Eighteen years after it was placed under federal oversight as the result of a lawsuit brought by a New York-based advocacy group, the state Department of Children and Families is trying to return complete control of the agency to state officials. Critics, citing a shortage of foster homes for very young children, argue the agency isn’t ready yet.
“We literally have a generation of workers who have never seen the department operate without federal control,” says Josh Howroyd, a DCF spokesman. “I came here three weeks after the consent decree was signed in January 1991.”
The so-called Juan F. Consent Decree, named after one of the children represented by Children’s Rights in the action it filed in 1989, required DCF to report to a federal monitor concerning its progress on more than 100 management and policy issues identified in the lawsuit, covering everything from foster care to adoption, mental health care and investigations.
“Juan F. was the original lawsuit that went after DCF for not providing adequate care and protection for children in its custody,” says Jeanne Milstein of the state Office of the Child Advocate.
In April, DCF filed a motion to vacate the consent decree, taking Milstein and others by surprise with its claim that “sweeping and widespread” changes in the department meant federal oversight was no longer needed.
“These structural and organizational changes and improvements, that have been implemented and sustained by the Department of Children and Families and the State, along with increased oversight and funding by the federal government, eradicate the possibility of reversion to the conditions that existed at the time the complaint was filed in 1989,” argues DCF in its motion.
Now Milstein and the Center for Children’s Advocacy, a nonprofit based in Hartford, have struck back, filing briefs on Aug. 5 arguing for continued court oversight of DCF.
“The problems persist at DCF,” says Milstein. “They continue to ineffectively, inadequately improve conditions.

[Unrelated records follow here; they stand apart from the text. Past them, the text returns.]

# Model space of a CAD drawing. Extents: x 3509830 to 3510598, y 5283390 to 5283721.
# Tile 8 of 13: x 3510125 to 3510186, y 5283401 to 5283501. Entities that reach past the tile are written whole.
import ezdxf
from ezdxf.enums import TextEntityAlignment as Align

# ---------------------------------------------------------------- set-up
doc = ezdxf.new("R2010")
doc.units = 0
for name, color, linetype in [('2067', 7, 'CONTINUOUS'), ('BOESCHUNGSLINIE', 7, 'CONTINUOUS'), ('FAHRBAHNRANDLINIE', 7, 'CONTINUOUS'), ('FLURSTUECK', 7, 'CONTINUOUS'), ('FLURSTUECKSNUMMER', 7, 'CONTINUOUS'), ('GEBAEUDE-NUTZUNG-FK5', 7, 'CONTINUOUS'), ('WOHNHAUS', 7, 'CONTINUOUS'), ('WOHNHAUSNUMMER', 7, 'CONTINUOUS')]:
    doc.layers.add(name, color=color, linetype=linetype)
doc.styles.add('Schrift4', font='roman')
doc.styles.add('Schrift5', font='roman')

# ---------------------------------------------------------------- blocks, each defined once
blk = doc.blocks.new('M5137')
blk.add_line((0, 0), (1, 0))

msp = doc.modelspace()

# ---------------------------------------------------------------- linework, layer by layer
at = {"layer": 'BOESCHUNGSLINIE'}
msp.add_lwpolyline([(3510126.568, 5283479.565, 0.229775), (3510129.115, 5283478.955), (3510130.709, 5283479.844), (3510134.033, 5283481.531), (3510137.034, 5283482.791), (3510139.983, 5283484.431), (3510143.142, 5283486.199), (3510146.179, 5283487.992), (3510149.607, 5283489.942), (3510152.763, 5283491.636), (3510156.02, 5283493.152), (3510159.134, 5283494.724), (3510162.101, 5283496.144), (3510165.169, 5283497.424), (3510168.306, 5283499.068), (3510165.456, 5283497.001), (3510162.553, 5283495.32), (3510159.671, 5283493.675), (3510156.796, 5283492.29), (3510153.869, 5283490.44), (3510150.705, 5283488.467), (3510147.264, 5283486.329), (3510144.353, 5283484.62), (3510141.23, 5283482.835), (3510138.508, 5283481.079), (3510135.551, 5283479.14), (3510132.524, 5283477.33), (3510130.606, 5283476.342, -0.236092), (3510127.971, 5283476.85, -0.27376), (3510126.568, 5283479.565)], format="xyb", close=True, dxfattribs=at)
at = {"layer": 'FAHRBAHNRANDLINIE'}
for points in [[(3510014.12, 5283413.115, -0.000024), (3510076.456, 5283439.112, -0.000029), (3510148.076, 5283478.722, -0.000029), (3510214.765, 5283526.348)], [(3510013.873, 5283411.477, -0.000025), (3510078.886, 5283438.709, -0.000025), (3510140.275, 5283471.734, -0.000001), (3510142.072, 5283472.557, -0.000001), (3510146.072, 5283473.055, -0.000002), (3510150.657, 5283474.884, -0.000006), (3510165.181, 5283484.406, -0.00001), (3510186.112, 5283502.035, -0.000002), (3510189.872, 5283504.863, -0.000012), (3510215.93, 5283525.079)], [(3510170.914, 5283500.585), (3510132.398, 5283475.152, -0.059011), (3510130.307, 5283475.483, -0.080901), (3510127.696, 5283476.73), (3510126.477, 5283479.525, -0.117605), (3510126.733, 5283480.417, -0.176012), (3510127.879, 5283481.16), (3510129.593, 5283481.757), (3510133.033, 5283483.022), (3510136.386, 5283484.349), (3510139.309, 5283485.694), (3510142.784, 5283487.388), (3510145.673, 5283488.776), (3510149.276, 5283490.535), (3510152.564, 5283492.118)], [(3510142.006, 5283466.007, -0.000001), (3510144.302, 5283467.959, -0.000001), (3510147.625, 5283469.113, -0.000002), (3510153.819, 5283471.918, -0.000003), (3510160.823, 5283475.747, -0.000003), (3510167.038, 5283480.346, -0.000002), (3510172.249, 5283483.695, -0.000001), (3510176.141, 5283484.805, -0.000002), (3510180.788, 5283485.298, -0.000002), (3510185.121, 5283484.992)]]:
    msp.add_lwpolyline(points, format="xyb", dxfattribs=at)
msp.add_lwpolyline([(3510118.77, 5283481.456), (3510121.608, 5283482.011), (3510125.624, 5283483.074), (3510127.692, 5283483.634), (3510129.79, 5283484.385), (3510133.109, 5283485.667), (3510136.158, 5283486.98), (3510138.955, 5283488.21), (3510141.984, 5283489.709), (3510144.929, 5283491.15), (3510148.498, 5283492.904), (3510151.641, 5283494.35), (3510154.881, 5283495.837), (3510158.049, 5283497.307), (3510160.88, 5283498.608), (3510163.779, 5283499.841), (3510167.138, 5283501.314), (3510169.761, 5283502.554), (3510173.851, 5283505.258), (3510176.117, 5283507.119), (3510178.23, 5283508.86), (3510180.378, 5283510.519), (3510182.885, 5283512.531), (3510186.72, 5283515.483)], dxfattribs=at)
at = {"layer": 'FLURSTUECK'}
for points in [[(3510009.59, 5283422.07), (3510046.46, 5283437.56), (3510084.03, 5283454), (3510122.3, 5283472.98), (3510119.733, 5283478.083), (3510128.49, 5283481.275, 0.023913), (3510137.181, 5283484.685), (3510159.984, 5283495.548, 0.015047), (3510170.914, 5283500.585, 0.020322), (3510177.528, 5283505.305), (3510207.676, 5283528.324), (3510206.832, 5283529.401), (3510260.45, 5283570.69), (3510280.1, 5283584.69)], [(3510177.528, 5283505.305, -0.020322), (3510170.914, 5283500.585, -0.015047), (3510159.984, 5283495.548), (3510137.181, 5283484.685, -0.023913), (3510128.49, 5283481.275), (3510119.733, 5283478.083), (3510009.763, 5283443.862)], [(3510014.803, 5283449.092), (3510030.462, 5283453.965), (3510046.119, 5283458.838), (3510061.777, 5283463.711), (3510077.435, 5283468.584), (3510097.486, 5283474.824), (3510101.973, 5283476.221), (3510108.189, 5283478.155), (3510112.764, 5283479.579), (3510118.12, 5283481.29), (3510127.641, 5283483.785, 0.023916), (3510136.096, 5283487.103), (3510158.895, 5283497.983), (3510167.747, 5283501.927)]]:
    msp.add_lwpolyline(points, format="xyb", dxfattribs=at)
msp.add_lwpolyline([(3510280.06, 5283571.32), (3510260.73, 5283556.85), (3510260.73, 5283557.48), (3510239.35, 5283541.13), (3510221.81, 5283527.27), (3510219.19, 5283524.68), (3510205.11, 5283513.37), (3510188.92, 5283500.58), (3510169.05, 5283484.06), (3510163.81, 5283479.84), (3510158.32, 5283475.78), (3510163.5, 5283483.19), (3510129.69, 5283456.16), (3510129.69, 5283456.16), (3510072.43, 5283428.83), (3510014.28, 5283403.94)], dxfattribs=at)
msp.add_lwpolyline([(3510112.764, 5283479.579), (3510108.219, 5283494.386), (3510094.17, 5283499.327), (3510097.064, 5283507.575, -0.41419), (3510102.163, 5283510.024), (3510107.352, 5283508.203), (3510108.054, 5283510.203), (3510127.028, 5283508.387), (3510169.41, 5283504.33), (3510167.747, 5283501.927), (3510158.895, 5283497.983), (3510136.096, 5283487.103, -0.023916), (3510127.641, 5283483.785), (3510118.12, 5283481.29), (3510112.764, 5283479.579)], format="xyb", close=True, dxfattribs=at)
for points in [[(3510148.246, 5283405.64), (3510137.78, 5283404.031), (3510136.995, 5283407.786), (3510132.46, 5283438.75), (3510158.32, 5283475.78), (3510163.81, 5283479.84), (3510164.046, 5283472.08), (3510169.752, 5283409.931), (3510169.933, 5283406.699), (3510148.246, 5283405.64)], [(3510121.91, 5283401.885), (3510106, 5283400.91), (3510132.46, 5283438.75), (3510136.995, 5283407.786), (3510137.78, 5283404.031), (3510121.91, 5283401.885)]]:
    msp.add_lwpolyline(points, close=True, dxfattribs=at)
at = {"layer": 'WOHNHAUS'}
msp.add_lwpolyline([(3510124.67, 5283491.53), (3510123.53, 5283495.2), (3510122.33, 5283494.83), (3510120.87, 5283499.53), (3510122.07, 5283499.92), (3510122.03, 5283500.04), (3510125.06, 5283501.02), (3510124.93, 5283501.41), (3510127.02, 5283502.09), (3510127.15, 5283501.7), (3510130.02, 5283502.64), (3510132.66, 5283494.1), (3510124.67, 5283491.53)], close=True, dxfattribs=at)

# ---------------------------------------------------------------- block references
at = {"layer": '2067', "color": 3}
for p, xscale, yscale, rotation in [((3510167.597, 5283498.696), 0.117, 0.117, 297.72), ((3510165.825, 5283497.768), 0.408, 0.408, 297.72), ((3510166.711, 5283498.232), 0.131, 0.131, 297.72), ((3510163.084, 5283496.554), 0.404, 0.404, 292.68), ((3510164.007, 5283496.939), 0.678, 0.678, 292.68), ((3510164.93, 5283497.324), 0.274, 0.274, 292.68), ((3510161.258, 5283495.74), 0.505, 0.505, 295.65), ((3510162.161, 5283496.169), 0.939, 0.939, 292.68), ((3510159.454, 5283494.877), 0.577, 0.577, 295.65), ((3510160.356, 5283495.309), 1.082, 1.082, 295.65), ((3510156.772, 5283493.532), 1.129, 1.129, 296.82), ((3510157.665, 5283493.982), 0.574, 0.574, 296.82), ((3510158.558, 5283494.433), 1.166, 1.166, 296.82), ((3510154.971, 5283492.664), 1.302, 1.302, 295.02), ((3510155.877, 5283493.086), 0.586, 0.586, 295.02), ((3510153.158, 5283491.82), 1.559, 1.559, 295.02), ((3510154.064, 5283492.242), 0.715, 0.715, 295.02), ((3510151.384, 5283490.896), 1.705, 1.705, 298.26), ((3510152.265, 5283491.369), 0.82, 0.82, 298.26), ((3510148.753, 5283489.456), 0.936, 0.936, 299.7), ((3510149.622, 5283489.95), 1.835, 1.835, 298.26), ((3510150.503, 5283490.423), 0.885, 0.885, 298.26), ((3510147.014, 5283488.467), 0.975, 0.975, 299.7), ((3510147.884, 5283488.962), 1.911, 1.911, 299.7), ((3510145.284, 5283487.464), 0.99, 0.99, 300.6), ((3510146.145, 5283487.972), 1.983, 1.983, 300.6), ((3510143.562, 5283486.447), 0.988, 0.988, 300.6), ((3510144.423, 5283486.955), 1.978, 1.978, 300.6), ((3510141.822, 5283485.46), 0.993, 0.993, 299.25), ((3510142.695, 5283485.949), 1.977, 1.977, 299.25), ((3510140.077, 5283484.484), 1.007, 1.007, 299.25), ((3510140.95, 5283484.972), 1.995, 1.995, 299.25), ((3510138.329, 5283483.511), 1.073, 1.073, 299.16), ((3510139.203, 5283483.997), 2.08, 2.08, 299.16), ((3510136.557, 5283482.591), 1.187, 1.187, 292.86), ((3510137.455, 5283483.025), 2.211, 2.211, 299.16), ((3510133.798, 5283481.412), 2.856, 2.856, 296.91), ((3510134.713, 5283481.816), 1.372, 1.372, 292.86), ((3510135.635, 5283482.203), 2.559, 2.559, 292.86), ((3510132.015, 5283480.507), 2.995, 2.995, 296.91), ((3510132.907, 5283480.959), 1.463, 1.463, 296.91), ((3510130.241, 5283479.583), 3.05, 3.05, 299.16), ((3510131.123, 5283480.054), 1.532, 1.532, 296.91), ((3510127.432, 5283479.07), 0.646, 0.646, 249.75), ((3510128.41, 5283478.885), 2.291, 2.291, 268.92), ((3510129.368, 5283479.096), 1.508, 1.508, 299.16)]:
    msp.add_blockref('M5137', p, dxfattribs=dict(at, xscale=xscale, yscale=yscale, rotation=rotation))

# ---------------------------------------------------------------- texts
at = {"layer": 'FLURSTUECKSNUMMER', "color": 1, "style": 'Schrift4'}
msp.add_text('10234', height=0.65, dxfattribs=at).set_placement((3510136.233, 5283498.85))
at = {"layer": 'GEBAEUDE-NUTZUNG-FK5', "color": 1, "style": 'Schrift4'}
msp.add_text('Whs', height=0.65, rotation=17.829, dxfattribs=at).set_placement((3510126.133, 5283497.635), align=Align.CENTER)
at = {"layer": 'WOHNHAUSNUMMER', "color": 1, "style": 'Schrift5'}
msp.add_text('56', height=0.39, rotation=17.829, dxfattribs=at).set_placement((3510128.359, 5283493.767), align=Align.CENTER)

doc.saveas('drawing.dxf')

Their motion does not match reality. Federal oversight shouldn’t end when they feel they’ve done enough, but when they can prove it.”
In the 74-page motion it filed in April, DCF argues it has met nearly all of the “outcome measures” required by Juan F., and that it has been in compliance for “significant lengths of time.”
For example, Outcome Measure 21 “requires DCF to submit a written discharge plan for all children who are mentally ill or mentally retarded and require adult services.” DCF points out the federal court monitor found that in 12 of the last 14 quarters it had complied with this outcome measure 95 percent of the time, according to the motion.
“There can be no genuine dispute that [DCF has] complied in full with the vast majority of the Outcome Measures in the Exit Plan — setting aside Outcome Measures 3 and 15, which are discussed in detail below — and that [DCF has] been in compliance with these measures for significant lengths of time,” argues DCF in its motion.
Outcome Measures 3 and 15 require the agency to develop treatment plans for children in its care within 60 days of opening a case or “a child’s placement out-of-home,” whichever comes first; and to meet the medical, dental, mental health and “other service needs” of at least 80 percent of the children and families in its care, as specified in those treatment plans.
In its motion DCF argues that despite the fact the federal court monitor found last year it was only in compliance with 3 and 15 about 50 percent of the time that shouldn’t stop the court from lifting the consent decree.
“These percentages do not, however, accurately depict the success of the Department in meeting the goals and objectives of Outcome Measures 3 and 15, and of providing services to and meeting the needs of Connecticut’s children,” argues DCF. “This single measurement of complex data is misleading, because it confines understanding of performance and masks important progress the Department has experienced in meeting the goals and objectives of Outcome Measures 3 and 15.”
DCF suggests it may not be in compliance with 3 and 15 according to the methodology outlined by the consent decree, but “the Department is fully meeting the goals of both of these Measures.”
In their briefs, Milstein and the Center for Children’s Advocacy — joined by Connecticut Voices for Children, Connecticut Legal Services, Inc. and New Haven Legal Assistance Association, Inc. — argue DCF has made progress, but not enough to justify lifting the consent decree.
“Certainly there have been improvements in the 20 years the consent decree has been in place,” says Sarah Eagan, director of the child abuse project at the Center for Children’s Advocacy. “But when you’re dealing with the kids my office represents, it’s not just about progress. It’s about are you meeting all the needs of the kids dependent on you?”
Eagan says it’s clear “there are way too many kids still not getting their basic needs met.” One example, she says, are the very young children who are still being placed in group homes because of a chronic shortage of foster homes. Clinical studies have shown young children do not do well in group homes, where their caregivers change daily with changing work shifts, says Eagan.
“No matter how many rainbows are on the wall or how nice the staff is, it’s developmentally detrimental,” she says.
Babies and very young children are “hardwired” to bond with an individual caregiver, says Eagan, who serves as the “gateway to all their development in their early years.” In 2009, she says, DCF placed more than 237 very young children in group homes.
“DCF is already a closed system,” says Eagan. “The courts are closed, and there’s less and less media coverage in this era. These kids need that [federal] oversight.”